Bartender Comes Clean About 'Historic' Louisville Cocktail

Oops! Adam Seger says the 'pre-Prohibition' drink isn't one
By Elizabeth Armstrong Moore,  Newser Staff
Posted Nov 12, 2016 7:11 AM CST
Bartender Comes Clean About 'Historic' Louisville Cocktail
A bartender makes a cocktail at a San Francisco bar featuring, among other drinks, classic libations of Prohibition-era Havana.   (AP Photo/Eric Risberg)

When Adam Seger was brought on as head of restaurant operations at the storied Seelbach Hotel (now the Seelbach Hilton) in downtown Louisville, Ky., he announced that he'd stumbled upon the recipe of a pre-Prohibition drink that used to be the hotel's signature drink and that he tried it, he enjoyed it, and he was putting in back on the menu. But as the New York Times reports, the "rescued classic" that gained fast notoriety and established Seger as a brand name was in fact Seger's own creation, a "ruse" as the Louisville Courier-Journal calls it. Now Seger, who "carried this around" for 21 years, has decided to finally come clean.

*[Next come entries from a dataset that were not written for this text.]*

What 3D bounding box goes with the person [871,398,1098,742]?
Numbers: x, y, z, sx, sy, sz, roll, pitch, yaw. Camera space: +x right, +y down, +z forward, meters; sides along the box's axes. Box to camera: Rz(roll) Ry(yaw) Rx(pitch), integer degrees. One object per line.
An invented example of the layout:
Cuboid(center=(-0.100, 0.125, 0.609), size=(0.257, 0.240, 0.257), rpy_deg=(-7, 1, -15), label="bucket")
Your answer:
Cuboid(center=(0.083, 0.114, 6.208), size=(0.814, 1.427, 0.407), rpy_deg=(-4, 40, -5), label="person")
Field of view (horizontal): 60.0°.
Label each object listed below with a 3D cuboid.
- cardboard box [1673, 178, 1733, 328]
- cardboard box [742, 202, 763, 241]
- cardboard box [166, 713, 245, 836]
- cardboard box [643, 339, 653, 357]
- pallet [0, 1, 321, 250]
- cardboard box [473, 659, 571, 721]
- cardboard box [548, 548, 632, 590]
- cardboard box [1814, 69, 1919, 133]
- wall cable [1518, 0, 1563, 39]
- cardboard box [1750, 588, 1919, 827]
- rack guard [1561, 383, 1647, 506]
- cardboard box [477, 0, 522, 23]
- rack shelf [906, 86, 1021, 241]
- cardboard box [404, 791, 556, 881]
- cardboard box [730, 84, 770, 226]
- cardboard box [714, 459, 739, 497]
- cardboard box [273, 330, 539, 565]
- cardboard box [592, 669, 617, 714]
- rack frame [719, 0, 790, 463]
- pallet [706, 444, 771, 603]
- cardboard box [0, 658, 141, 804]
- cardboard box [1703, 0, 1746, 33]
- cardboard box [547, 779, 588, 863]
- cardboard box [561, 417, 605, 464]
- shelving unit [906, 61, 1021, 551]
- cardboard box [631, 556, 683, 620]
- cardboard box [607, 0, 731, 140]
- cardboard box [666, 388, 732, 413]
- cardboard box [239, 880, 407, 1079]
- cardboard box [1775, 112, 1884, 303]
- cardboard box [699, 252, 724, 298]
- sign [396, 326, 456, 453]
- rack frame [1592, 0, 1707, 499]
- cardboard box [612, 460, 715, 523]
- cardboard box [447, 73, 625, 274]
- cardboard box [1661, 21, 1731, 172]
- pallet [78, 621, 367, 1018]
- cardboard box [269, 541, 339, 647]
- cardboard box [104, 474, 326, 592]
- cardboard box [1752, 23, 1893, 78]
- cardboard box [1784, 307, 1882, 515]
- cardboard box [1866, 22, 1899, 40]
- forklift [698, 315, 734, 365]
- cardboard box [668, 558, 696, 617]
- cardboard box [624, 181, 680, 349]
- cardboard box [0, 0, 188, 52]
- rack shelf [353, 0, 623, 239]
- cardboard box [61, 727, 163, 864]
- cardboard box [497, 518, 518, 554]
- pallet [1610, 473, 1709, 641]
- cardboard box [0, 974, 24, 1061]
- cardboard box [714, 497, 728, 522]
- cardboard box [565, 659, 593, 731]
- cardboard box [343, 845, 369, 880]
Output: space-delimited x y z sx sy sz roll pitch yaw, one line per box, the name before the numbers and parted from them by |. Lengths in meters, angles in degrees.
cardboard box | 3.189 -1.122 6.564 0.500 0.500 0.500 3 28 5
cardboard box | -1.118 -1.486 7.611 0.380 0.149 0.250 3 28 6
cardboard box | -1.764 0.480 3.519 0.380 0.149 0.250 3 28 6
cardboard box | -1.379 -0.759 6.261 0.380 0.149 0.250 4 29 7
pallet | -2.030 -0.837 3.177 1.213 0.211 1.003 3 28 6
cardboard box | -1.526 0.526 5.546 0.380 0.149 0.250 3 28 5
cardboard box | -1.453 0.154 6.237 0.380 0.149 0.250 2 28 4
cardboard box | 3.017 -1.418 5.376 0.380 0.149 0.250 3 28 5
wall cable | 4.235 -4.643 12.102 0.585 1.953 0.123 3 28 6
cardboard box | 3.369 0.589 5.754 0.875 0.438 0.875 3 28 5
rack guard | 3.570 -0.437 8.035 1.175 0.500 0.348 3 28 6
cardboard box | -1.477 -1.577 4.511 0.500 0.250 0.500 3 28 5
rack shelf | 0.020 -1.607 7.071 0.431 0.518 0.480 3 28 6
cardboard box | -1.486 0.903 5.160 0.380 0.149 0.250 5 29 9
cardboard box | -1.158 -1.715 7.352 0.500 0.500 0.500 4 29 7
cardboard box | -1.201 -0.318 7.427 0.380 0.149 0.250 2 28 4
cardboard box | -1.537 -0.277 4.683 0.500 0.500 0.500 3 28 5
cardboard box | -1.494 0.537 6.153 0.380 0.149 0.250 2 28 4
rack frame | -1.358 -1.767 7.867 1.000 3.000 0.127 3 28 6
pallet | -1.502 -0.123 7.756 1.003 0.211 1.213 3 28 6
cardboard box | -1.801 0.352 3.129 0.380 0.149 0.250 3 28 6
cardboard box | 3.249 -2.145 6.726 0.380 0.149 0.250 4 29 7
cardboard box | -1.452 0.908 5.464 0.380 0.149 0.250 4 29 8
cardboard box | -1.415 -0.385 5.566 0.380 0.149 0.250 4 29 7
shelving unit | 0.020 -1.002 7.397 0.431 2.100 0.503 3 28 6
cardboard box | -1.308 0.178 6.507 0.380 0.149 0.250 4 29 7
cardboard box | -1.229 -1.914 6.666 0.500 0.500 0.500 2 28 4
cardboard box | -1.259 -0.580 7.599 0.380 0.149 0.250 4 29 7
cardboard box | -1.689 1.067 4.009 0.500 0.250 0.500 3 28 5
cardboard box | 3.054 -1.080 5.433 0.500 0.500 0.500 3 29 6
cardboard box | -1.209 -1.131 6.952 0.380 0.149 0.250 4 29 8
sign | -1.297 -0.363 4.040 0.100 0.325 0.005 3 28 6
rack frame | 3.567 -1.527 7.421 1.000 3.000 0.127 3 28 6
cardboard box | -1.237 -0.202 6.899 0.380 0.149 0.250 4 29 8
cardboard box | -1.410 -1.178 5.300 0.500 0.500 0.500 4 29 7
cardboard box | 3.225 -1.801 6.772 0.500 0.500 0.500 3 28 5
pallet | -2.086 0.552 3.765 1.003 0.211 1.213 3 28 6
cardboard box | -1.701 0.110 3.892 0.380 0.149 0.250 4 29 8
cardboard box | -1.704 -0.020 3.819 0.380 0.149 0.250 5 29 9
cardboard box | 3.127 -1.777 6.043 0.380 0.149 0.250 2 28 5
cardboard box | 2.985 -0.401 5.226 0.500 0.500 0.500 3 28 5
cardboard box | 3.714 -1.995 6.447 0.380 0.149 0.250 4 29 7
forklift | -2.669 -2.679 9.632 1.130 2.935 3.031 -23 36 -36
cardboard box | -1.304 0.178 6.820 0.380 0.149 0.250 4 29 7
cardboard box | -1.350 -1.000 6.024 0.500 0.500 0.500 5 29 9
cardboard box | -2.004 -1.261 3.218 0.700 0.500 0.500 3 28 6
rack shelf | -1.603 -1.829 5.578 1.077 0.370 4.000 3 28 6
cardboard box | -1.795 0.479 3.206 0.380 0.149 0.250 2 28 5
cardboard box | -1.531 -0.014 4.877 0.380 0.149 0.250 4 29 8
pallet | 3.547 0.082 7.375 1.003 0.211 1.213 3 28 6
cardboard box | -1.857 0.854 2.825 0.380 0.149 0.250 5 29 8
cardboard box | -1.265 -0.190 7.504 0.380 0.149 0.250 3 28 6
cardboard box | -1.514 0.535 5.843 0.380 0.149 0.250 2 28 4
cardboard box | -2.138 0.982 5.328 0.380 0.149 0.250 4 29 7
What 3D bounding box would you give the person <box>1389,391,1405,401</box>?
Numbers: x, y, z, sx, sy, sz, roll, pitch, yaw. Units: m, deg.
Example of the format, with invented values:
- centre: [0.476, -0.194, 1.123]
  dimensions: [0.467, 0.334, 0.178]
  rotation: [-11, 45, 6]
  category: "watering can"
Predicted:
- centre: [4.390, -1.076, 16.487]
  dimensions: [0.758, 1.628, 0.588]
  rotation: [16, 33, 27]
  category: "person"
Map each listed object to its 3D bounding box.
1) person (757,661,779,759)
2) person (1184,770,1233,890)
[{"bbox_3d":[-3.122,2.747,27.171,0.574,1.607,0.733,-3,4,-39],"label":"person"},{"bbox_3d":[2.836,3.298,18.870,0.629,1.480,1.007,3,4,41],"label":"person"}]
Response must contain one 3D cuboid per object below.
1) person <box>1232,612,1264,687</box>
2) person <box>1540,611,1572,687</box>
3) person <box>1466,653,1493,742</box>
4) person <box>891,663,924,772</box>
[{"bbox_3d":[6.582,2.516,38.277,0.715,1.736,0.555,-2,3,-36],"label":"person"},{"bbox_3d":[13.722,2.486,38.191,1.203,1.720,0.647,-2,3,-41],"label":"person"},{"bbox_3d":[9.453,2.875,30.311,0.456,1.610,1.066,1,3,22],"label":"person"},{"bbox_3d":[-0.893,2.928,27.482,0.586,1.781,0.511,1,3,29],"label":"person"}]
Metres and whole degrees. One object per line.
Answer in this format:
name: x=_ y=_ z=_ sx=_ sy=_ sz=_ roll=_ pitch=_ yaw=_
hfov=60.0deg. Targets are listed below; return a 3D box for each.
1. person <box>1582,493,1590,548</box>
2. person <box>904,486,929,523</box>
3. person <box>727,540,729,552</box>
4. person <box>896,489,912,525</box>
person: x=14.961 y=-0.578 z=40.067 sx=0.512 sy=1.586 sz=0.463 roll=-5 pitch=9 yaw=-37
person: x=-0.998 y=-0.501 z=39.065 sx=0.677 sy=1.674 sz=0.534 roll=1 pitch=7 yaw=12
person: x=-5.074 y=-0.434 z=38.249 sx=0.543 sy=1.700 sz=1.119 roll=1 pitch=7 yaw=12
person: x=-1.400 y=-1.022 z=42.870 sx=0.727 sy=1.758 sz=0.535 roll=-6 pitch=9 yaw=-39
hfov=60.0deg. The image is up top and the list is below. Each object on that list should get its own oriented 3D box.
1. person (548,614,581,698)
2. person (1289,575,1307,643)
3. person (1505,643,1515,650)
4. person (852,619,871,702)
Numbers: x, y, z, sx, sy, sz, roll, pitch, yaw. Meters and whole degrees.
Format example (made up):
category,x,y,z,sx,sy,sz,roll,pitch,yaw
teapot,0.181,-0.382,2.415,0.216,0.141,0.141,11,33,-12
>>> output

"I was nobody," says Seger, who left the hotel in 2001, is now 47, and recently helped open the Tuck Room in Manhattan. "I knew I could make a great drink. I wanted it to be this promotion for the hotel, and I felt the hotel needed a signature cocktail. How could you have a place that F. Scott Fitzgerald hung out in that doesn’t have a damn cocktail?" Everyone bought the story (even the historian known as Dr. Cocktail who wrote a book about vintage spirits) and loved the drink, which is made with bourbon, triple sec, bitters, sparkling wine, and garnished with an orange twist. Even the hotel is sticking with the drink as its signature cocktail, saying it's become a hotel tradition and "will remain part of its future." (This is Obama's cocktail of choice.)